Controlled Fluxes of Silicon Nanoparticles By Extraction from a Pulsed RF Plasma

Deposition of silicon nanoparticles onto substrates may be a means of growing monocrystalline silicon films at low substrate temperature if the nanoparticles' impact energy and size can be controlled to provide melting or amorphization of the nanoparticle without damaging the underlying film. In order to explore conditions that could produce such controlled fluxes of nanoparticles we numerically model a pulsed RF argon-silane plasma, with a positive DC bias applied during the afterglow phase of each pulse so as to extract and accelerate negatively charged silicon particles.
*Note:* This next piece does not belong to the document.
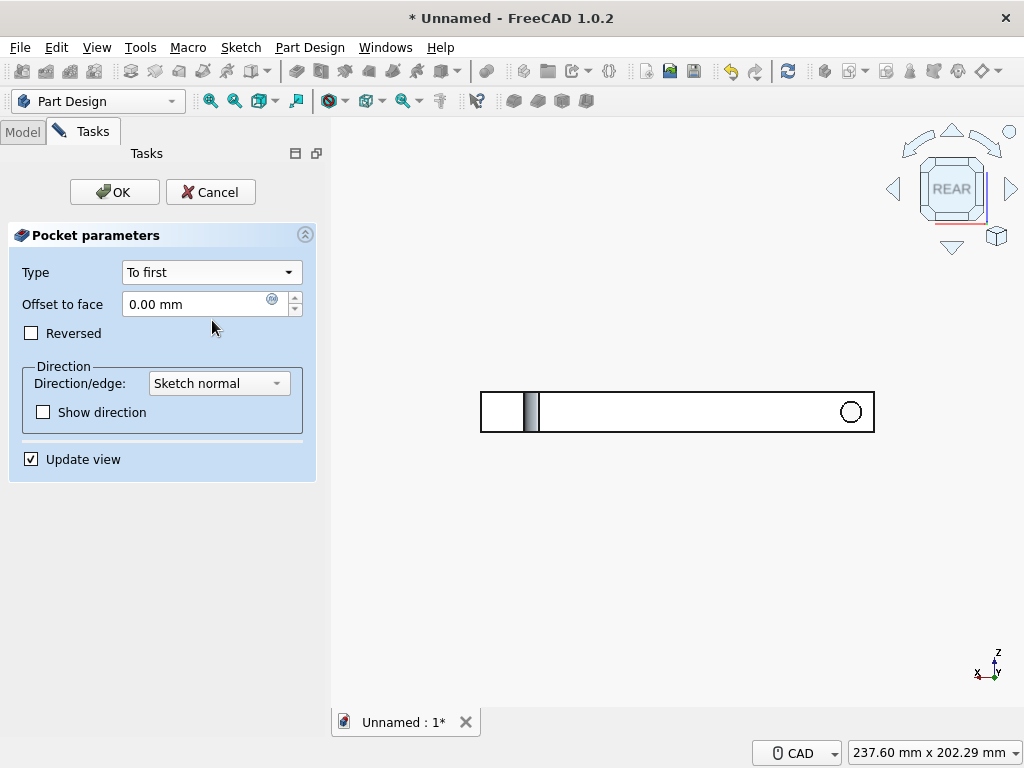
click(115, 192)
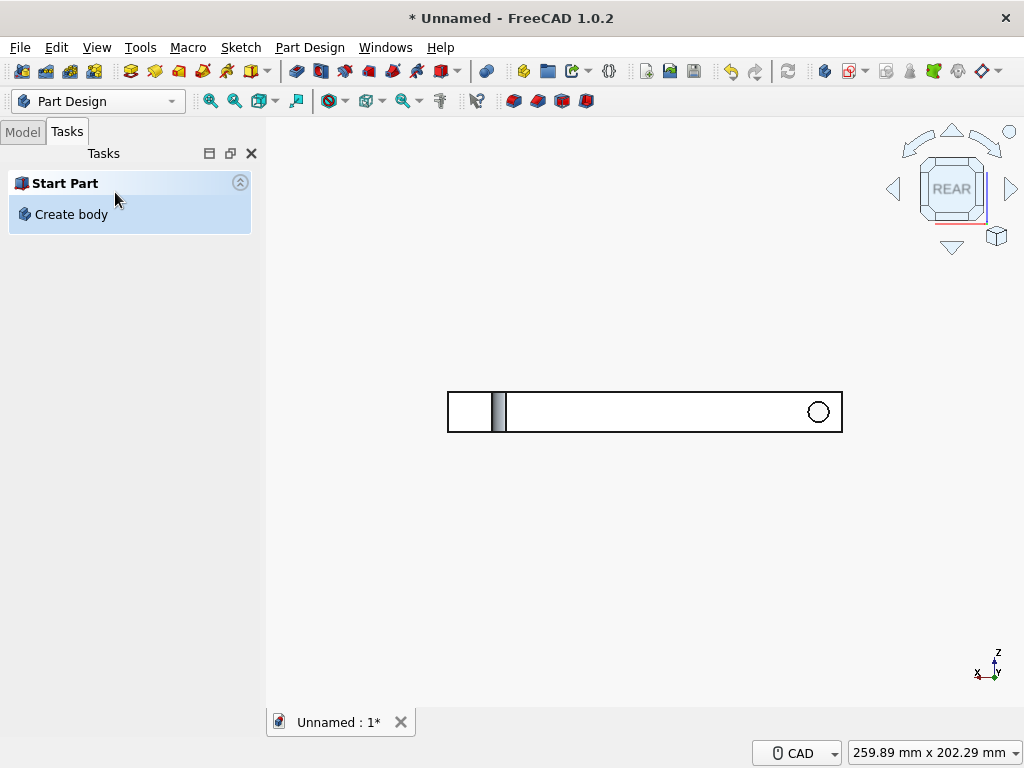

Operating parameters studied include pulse on time, pulse off time, DC bias voltage, RF voltage and pressure. This set of parameters is tested to find conditions under which one can achieve a periodic steady state with repeatable pulse-to-pulse conditions that maximize silicon film growth rates while maintaining nanoparticle impact energies in the range 0.5-2.0 eV/atom. We utilize a previously developed 1-D dusty plasma numerical model, modified to consider pulsing and applied substrate bias. This model self-consistently solves for the coupled behavior of plasma, chemistry, and aerosol. Results show that it is possible by this method to produce nanoparticle fluxes that are tailored with respect to their distribution of impact energies and mass deposition rates.